A Syukri dari Link-Ar Borneo menyoroti bahwa di Kalimantan Barat, pengelolaan hutan masih berorientasi kapital. “Hutan Tanaman Industri hanyalah kebun monokultur. Revisi UU ini menyangkut masa depan ekologis bangsa,” tuturnya.
Darwis dari Green of Borneo Kaltara mengingatkan bahwa revisi UU tanpa prinsip Persetujuan Atas Dasar Informasi di Awal Tanpa Paksaan (PADIATAPA) dan implementasi Putusan MK 35 hanya akan memperluas konflik dan kerusakan ekologis.
Afifuddin dari WALHI Aceh menegaskan bahwa RUUK tanpa keberpihakan pada rakyat hanya akan melegalkan krisis ekologis di Aceh. Hal serupa ditegaskan Sulfianto dari Panah Papua yang menilai food estate sebagai bentuk penjajahan baru terhadap masyarakat adat Papua.
Oscar Anugrah dari WALHI Jambi menambahkan bahwa transisi energi dalam konsesi kehutanan berpotensi menjadi kedok perampasan lahan.

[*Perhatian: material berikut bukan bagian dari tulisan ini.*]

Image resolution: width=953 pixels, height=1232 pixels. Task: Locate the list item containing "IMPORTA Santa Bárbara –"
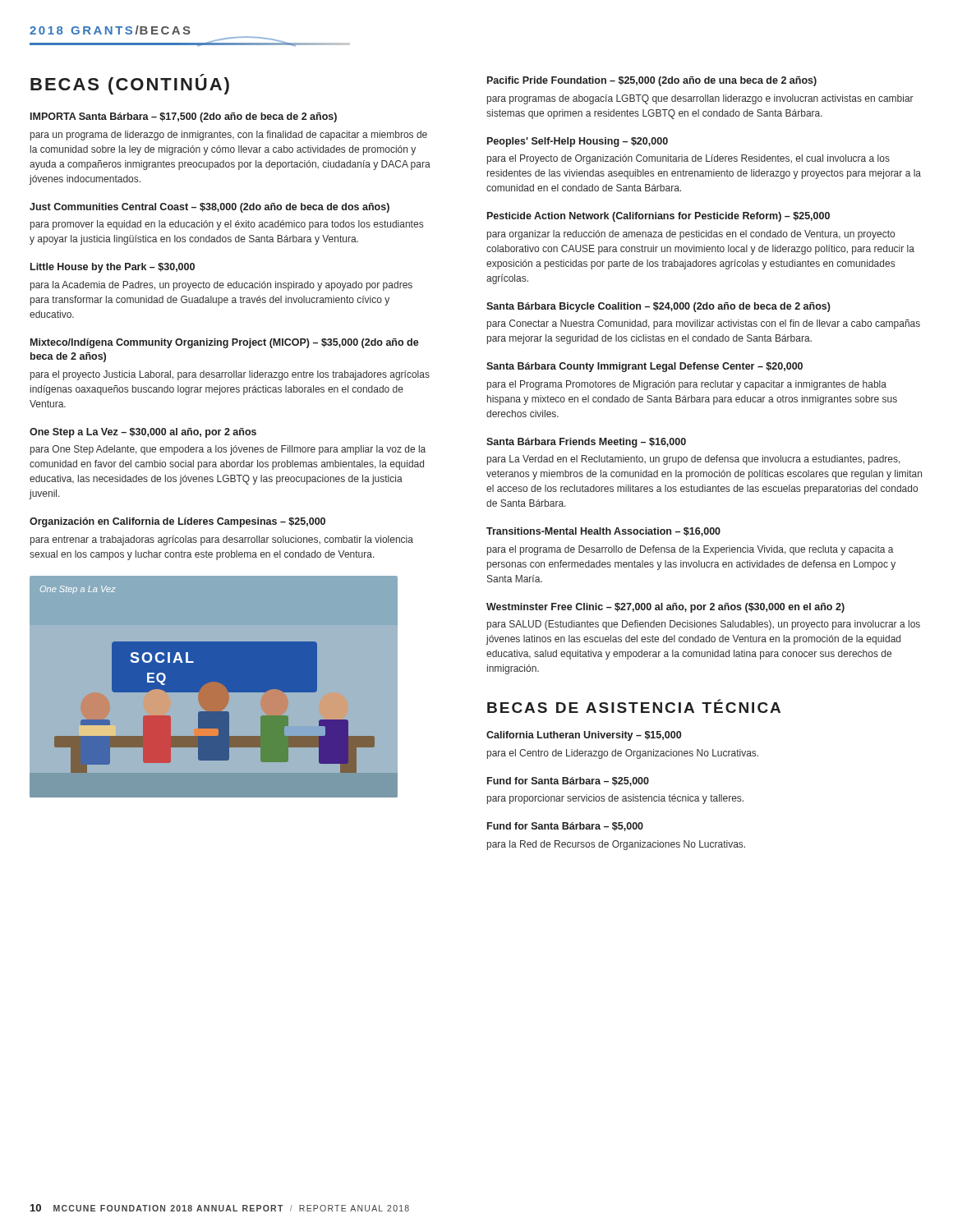tap(230, 148)

“RUUK harus dikawal ketat agar narasi hijau tidak dipakai untuk menggusur kebun rakyat dan wilayah adat,” katanya.
Defri Setiawan dari WALHI Gorontalo mengungkapkan bahwa proyek bioenergi dan monokultur di Pohuwato mengancam ruang hidup masyarakat. “RUUK harus memperbaiki ketimpangan struktural yang telah berlangsung sejak era kolonial,” ujarnya.
Zul dari KORA Maluku mengingatkan bahwa di pulau kecil seperti Buru, masyarakat adat kerap digusur atas nama proyek biomassa.
“Mereka harus diakui sebagai pemilik sah hutan yang telah dirawat turun-temurun,” tegasnya.
Faizal Ratuela dari WALHI Maluku Utara memperingatkan bahwa ekspansi proyek strategis nasional di pulau-pulau tak berpenghuni mengancam keberlanjutan ekologi dan identitas masyarakat.
Dr. Andi Chairil Ichsan, Kepala LPPM Universitas Mataram, menilai bahwa RUUK harus menjadi refleksi pembaruan tata kelola hutan yang adil dan transparan.
Sementara itu, Dessy Eko Prayitno dari Universitas Indonesia menekankan pentingnya transparansi dan akuntabilitas dalam seluruh tahapan tata kelola kehutanan.
RUUK diharapkan menjadi alat koreksi terhadap warisan ketimpangan struktural dan ekologis, bukan justru memperkuatnya.
Pengakuan hak masyarakat adat, perlindungan ekologis, dan pembaruan paradigma tata kelola menjadi fondasi utama menuju hutan Indonesia yang berkeadilan sosial dan berkelanjutan.